Selon des données rassemblées par des représentants des sans-papiers, à l’église du Béguinage, il y a eu environ 15 hospitalisations dont 5 pour des personnes en grève de la soif dimanche, 7 hospitalisations lundi, 3 à 4 durant la nuit de lundi à mardi et 10 en journée mardi dont 6 pour des personnes en grève de la soif.

Sur le site de la VUB (Vrije Universiteit Brussel), il y a eu 9 hospitalisations dont une pour une personne souffrant d’insuffisance rénale, 6 autres lundi et 4 autres mardi, toutes en raison de la grève de la soif.

Pour l’occupation dans le réfectoire de l’ULB (Université Libre de Bruxelles), il y a eu 4 personnes emmenées en ambulance à l’hôpital dimanche dont une personne en grève de la soif, 4 autres hospitalisations lundi dont 2 pour des personnes en grève de la soif et il y a eu mardi 3 hospitalisations dont une pour un gréviste de la soif.
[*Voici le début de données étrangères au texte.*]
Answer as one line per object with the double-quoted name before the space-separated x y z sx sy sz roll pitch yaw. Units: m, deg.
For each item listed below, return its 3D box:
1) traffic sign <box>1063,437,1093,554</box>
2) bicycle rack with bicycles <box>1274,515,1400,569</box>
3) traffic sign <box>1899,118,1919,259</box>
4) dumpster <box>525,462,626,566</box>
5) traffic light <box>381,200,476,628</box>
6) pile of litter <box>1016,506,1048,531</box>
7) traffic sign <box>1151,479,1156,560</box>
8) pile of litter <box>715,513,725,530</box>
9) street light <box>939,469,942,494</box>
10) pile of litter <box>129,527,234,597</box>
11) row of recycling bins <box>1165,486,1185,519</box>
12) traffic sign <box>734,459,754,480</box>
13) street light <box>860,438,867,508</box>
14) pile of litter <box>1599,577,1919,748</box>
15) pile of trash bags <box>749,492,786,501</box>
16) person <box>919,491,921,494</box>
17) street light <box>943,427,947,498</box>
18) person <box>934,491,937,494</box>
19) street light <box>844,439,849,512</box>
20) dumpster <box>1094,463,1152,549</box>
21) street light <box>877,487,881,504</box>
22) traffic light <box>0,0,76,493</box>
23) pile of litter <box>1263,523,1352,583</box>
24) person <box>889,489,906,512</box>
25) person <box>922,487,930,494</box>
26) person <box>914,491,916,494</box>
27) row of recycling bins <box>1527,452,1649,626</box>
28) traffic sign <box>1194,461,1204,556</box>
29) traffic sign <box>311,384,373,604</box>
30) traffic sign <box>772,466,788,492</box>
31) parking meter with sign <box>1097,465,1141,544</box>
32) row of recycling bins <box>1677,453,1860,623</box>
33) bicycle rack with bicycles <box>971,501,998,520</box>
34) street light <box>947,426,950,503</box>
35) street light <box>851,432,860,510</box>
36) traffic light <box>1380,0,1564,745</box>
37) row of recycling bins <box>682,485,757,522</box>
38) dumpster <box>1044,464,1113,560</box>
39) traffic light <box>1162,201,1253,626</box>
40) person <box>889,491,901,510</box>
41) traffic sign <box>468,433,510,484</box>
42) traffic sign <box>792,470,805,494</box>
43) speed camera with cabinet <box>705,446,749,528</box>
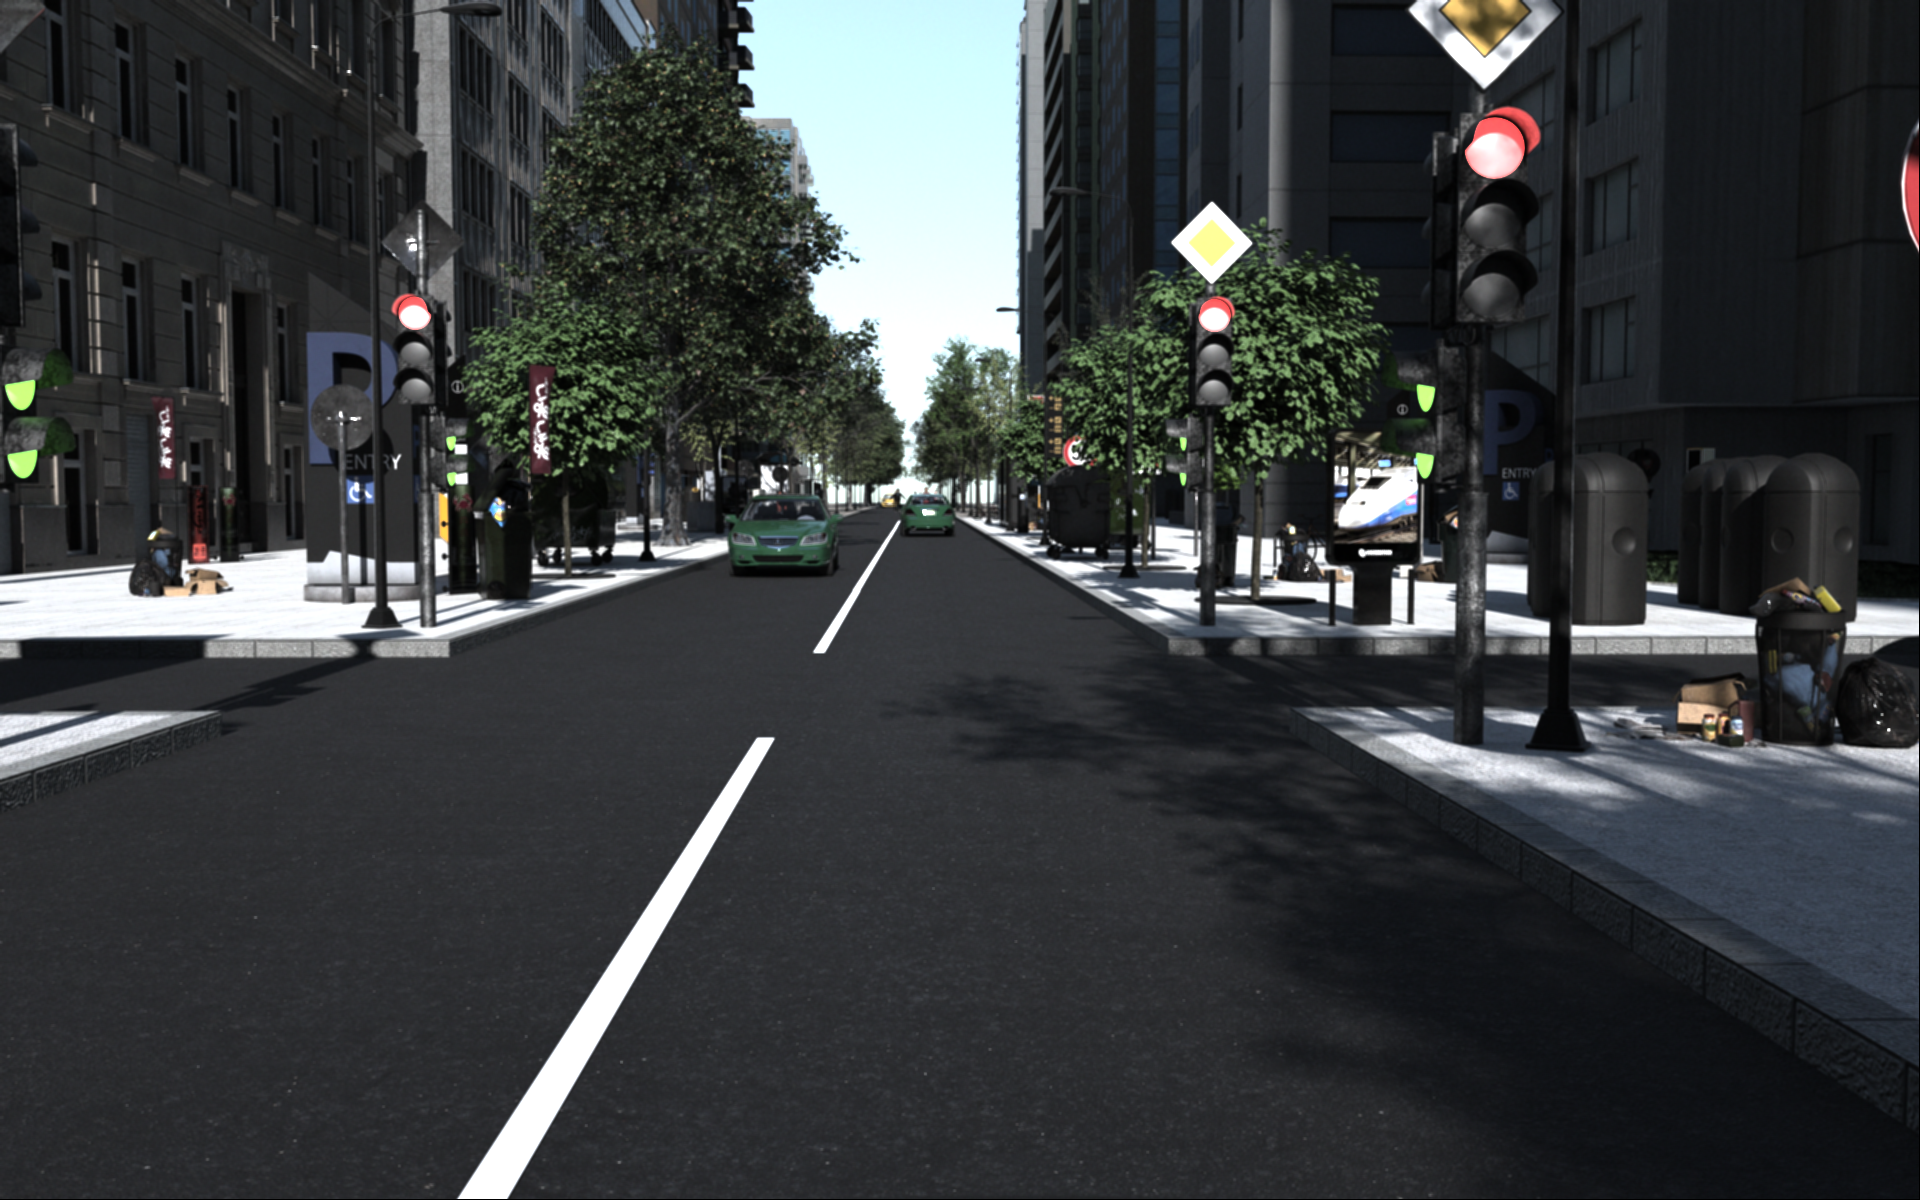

Toujours selon les porte-parole du groupe, aucun des sans-papiers n’a arrêté la grève de la faim. Tous retournent sur les différents sites d’occupation après avoir vu les médecins.

Le réseau de la Coordination des sans-papiers de Belgique en appelait mardi soir aux 7 présidents de partis qui ont négocié la coalition Vivaldi pour trouver une solution de sortie de crise.